If a decision is important (and we’re talking about important decisions, not where to go for lunch), then it’s important enough to memorialize:

  • The data and information that was used to make the decision.
  • The logic that was used to arrive at the decision, including the options or alternatives considered and why the rejected ones were rejected.
  • The expected outcome of the decision – quantified if at all possible (use a range of outcomes, such as, “We expect that gross revenue will increase to between X and Y.”
  • Establish a date by which you expect the results to be obtained. Review the decision and results on or shortly after that date.

Nudge decisions of others if your decision requires other people to make decisions

“Nudging” is a term coined by Dr. Thaler. It means framing decisions in a manner that takes advantage of the ways in which human beings actually behave so that the more desirable decision is the one most frequently taken. As an example, both Germany and Austria ask people to become organ donors when they apply for a driver’s license. About eight percent of Germans agree to be organ donors while the comparable percentage in Austria is over seventy percent. The difference is in the framing of the option. Germans must opt in to being donors while Austrians must opt out.
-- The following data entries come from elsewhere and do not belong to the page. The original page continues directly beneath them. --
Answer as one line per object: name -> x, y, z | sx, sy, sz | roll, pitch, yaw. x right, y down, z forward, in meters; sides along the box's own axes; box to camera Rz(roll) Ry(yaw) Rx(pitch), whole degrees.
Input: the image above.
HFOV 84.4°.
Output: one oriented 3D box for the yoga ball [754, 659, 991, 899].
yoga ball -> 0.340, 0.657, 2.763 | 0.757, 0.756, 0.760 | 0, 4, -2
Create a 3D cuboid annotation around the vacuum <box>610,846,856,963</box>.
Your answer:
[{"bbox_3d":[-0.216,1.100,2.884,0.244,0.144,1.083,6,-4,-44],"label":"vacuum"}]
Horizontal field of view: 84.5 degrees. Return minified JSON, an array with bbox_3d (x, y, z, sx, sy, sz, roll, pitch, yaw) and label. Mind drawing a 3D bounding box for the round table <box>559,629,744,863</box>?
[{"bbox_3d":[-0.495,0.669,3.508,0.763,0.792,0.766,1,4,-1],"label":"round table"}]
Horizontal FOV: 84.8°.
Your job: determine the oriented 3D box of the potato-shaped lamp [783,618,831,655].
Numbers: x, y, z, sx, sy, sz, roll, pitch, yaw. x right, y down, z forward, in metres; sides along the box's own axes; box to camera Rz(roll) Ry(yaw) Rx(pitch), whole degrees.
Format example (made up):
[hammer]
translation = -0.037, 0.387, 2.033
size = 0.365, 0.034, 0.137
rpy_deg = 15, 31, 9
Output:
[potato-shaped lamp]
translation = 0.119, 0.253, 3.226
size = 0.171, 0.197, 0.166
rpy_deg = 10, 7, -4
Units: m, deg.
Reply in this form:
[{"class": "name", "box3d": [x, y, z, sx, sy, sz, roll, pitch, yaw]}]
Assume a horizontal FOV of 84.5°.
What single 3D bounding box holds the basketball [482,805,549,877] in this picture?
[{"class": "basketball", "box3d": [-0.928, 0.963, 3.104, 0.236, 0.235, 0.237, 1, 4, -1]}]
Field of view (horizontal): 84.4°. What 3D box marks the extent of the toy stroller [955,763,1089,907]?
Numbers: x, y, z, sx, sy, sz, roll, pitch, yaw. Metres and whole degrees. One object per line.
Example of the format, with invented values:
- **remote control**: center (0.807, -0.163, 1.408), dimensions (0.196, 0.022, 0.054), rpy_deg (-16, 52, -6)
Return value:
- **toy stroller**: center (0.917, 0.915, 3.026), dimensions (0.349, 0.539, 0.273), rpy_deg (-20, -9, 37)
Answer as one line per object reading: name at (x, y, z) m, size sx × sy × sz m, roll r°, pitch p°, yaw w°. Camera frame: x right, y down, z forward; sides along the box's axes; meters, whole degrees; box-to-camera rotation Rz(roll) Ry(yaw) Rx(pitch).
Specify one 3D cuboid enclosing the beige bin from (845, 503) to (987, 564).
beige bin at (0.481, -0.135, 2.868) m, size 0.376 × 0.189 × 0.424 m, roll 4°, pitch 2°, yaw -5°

Austria framed the choice to take advantage of humans’ tendency to choose the default option (opting in for Austrians).

Use technology to help

Humans tend to over-emphasize non-quantitative factors in making decisions. A classic example can be drawn from professional football scouting where the scout’s opinion (scouts are usually very experienced former players or coaches, so their opinions do matter) is often non-quantifiable. The movement in professional sports, however is toward a much more quantifiable rating of potential players – how fast are they, how strong are they, how many days were they unable to play due to injury, what are their statistics? This hard data can be combined into some algorithm to deliver a score that can then be used and against which actual performance can be measured leading to continuous improvement of the algorithm. This is not something that can be completed overnight, but can lead to enormous improvement in the quality of decision making.

Dr. Thaler makes a couple other points, but I’ve previously posted on those topics. Like most things worth doing, improving decision making requires a sustained and disciplined effort, but that’s what leaders should be doing.

Thoughts?

Read more insights by Firestorm Principal, Guy Higgins.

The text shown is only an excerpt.